To win reelection, Obama must improve substantially with independent voters, a much different task than holding the party base. As we saw above, his current 40.6 percent approval with independents is not much different than what losing Democratic efforts have pulled over the last 20 years. And this anemic showing with independents has basically been the long-term trend:

The Rasmussen Reports poll does not have much better news for Obama on the independent voter front. It finds that just 36 percent of independents rate Obama’s handling of the economy as “excellent” or “good,” 27 percent rate him as “excellent” or “good” on energy (and remember, if gas prices again rise to $4 this summer, energy will be a major campaign issue), only 21 percent believe that Obamacare will be “good for the country,” and his overall job approval on the deficit has been in the mid-30s of late, suggesting that he is very weak indeed with independent voters on this issue (and the deficit is going to be another major issue this cycle).

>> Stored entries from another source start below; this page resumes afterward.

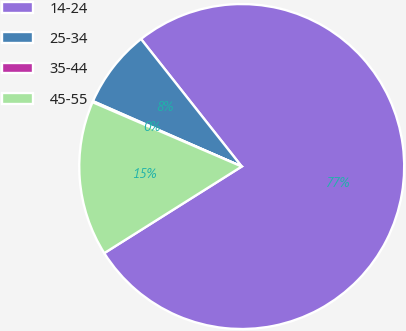Convert chart to OTSL. <chart><loc_0><loc_0><loc_500><loc_500><pie_chart><fcel>14-24<fcel>25-34<fcel>35-44<fcel>45-55<nl><fcel>76.69%<fcel>7.77%<fcel>0.11%<fcel>15.43%<nl></chart> 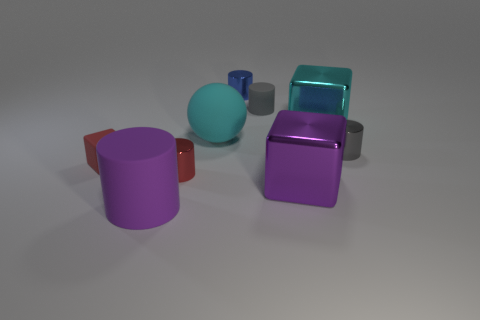Subtract all large metal blocks. How many blocks are left? 1 Add 1 big purple matte objects. How many objects exist? 10 Subtract all red blocks. How many blocks are left? 2 Subtract 2 blocks. How many blocks are left? 1 Subtract all spheres. How many objects are left? 8 Subtract all big brown metal objects. Subtract all tiny gray matte things. How many objects are left? 8 Add 1 tiny rubber cylinders. How many tiny rubber cylinders are left? 2 Add 5 blue metal objects. How many blue metal objects exist? 6 Subtract 0 brown balls. How many objects are left? 9 Subtract all blue balls. Subtract all blue blocks. How many balls are left? 1 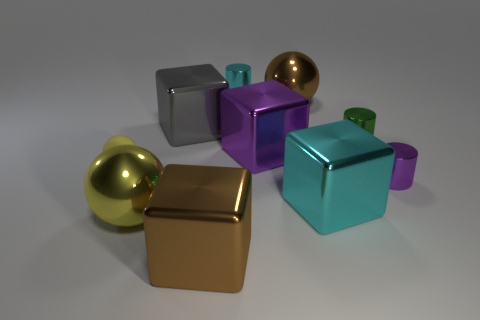There is a shiny object that is the same color as the tiny rubber ball; what shape is it?
Ensure brevity in your answer.  Sphere. There is a object that is the same color as the rubber sphere; what is its size?
Make the answer very short. Large. The matte object that is the same shape as the yellow metallic thing is what color?
Ensure brevity in your answer.  Yellow. How many metallic things have the same color as the rubber thing?
Provide a succinct answer. 1. Is the number of yellow spheres that are behind the small green cylinder greater than the number of brown spheres?
Keep it short and to the point. No. There is a big metal sphere in front of the small metal cylinder that is in front of the tiny rubber thing; what is its color?
Provide a succinct answer. Yellow. What number of things are either objects behind the large yellow thing or big brown things on the left side of the purple metal cube?
Offer a very short reply. 9. How many other large blocks have the same material as the big purple cube?
Your response must be concise. 3. Are there more large spheres than large brown rubber cylinders?
Make the answer very short. Yes. There is a cube behind the large purple metallic block; how many large shiny spheres are in front of it?
Make the answer very short. 1. 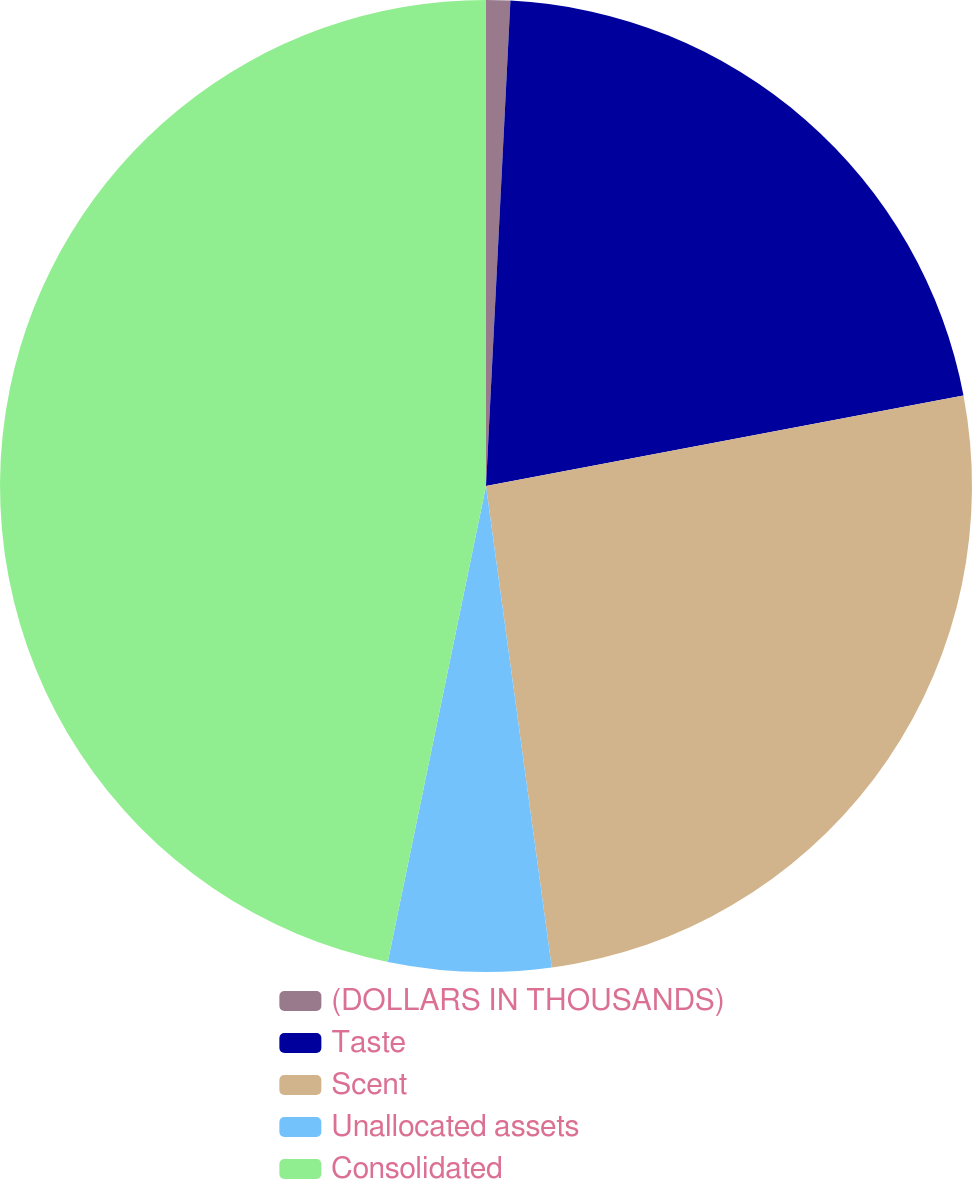Convert chart. <chart><loc_0><loc_0><loc_500><loc_500><pie_chart><fcel>(DOLLARS IN THOUSANDS)<fcel>Taste<fcel>Scent<fcel>Unallocated assets<fcel>Consolidated<nl><fcel>0.8%<fcel>21.22%<fcel>25.82%<fcel>5.4%<fcel>46.76%<nl></chart> 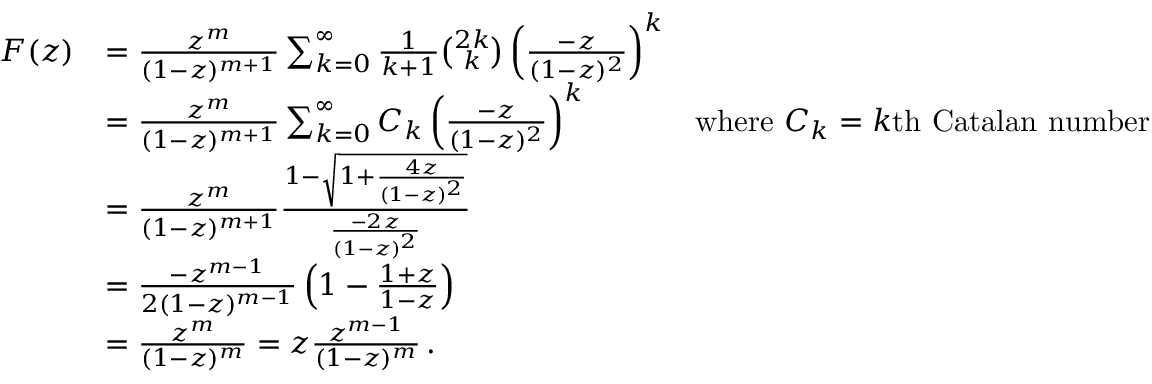Convert formula to latex. <formula><loc_0><loc_0><loc_500><loc_500>{ \begin{array} { r l r } { F ( z ) } & { = { \frac { z ^ { m } } { ( 1 - z ) ^ { m + 1 } } } \sum _ { k = 0 } ^ { \infty } { { \frac { 1 } { k + 1 } } { \binom { 2 k } { k } } \left ( { \frac { - z } { ( 1 - z ) ^ { 2 } } } \right ) ^ { k } } } \\ & { = { \frac { z ^ { m } } { ( 1 - z ) ^ { m + 1 } } } \sum _ { k = 0 } ^ { \infty } { C _ { k } \left ( { \frac { - z } { ( 1 - z ) ^ { 2 } } } \right ) ^ { k } } } & { { w h e r e } C _ { k } = k { t h C a t a l a n n u m b e r } } \\ & { = { \frac { z ^ { m } } { ( 1 - z ) ^ { m + 1 } } } { \frac { 1 - { \sqrt { 1 + { \frac { 4 z } { ( 1 - z ) ^ { 2 } } } } } } { \frac { - 2 z } { ( 1 - z ) ^ { 2 } } } } } \\ & { = { \frac { - z ^ { m - 1 } } { 2 ( 1 - z ) ^ { m - 1 } } } \left ( 1 - { \frac { 1 + z } { 1 - z } } \right ) } \\ & { = { \frac { z ^ { m } } { ( 1 - z ) ^ { m } } } = z { \frac { z ^ { m - 1 } } { ( 1 - z ) ^ { m } } } \, . } \end{array} }</formula>

Put all of this together, and we can conclude the following:

(1) Obama’s uptick recently has been mostly in consolidating the core Democratic vote.

(2) This is probably something that was going to happen, anyway.

(3) As Democratic defeats in 1988, 1994, and 2010 demonstrate, consolidating the Democratic vote is insufficient for victory in November. Instead, the party needs substantial support for independents.

(4) Obama is currently well below that level of independent support, and he has been for some time.

(5) More detailed polling suggests that independents strongly disapprove of the president on the major issues of the campaign.